The Miami Herald is working on a three part series about what went wrong with the housing market in Florida, and the first two segments tell a big part of the problem. In seven years, over 10,000 people with criminal records started working in the mortgage industry in Florida.

All the following quotes are from the first two parts of the Herald's investigation. Now, you know Florida isn't the only place this kind of thing happened, and I'm sure there was fraud going on in facet of the industry. Of course you know that it is the American tax payer that is going to be left holding the bag. Which only proves, if you are going to commit a financial crime in America, make darn sure it is on such a scale that the government is afraid to let you suffer your losses. Then the tax payer will bail you out too.

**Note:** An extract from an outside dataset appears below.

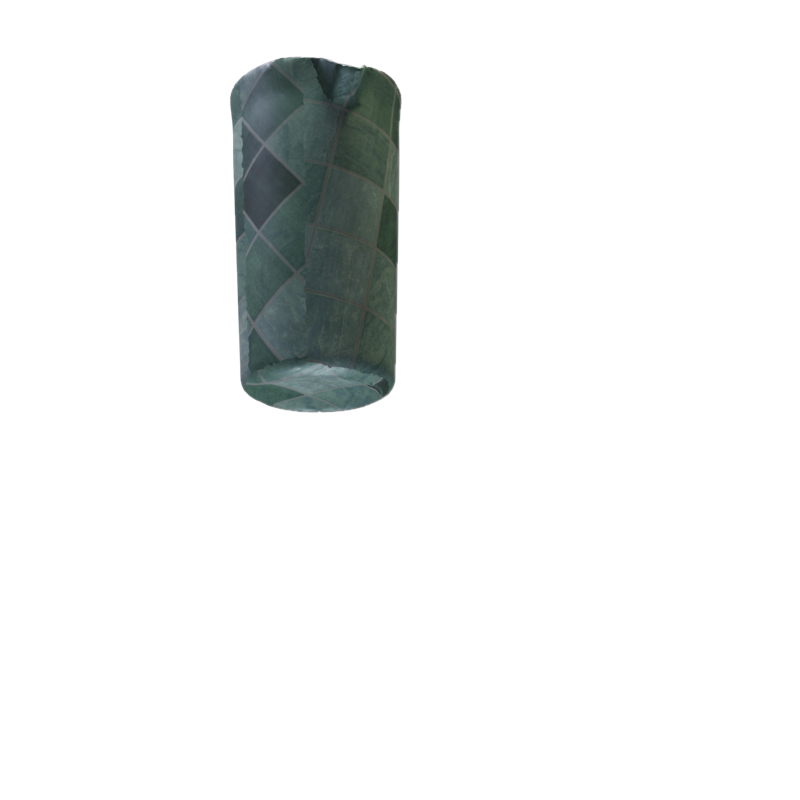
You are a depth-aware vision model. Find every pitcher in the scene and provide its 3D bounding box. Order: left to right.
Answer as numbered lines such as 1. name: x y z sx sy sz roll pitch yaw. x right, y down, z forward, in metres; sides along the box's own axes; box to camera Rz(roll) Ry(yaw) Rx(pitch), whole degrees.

Thousands with criminal records work unlicensed as loan originators
BY MATTHEW HAGGMAN, ROB BARRY and JACK DOLAN

  • From 2000 to 2007, regulators allowed at least 10,529 people with criminal records to work in the mortgage profession. Of those, 4,065 cleared background checks after committing crimes that state law specifically requires regulators to screen, including fraud, bank robbery, racketeering and extortion.

  • Regulators allowed at least 20 brokers to keep their licenses even after committing the one crime that seemed sure to get them banned from the industry: mortgage fraud.

Don Saxon, commissioner of the Office of Financial Regulation, said he didn't know why his staff issued licenses to bank robbers and racketeers, but would look into the cases cited by The Miami Herald.

Even large lenders hired loan originators with criminal backgrounds. The Miami Herald found that in at least 30 companies with 50 or more employees, more than one in five originators had a criminal record.

5,306 people with criminal histories became loan originators—a rate of nearly two a day. Worse, those include 2,201 who had committed financial crimes, such as fraud, money laundering and grand theft.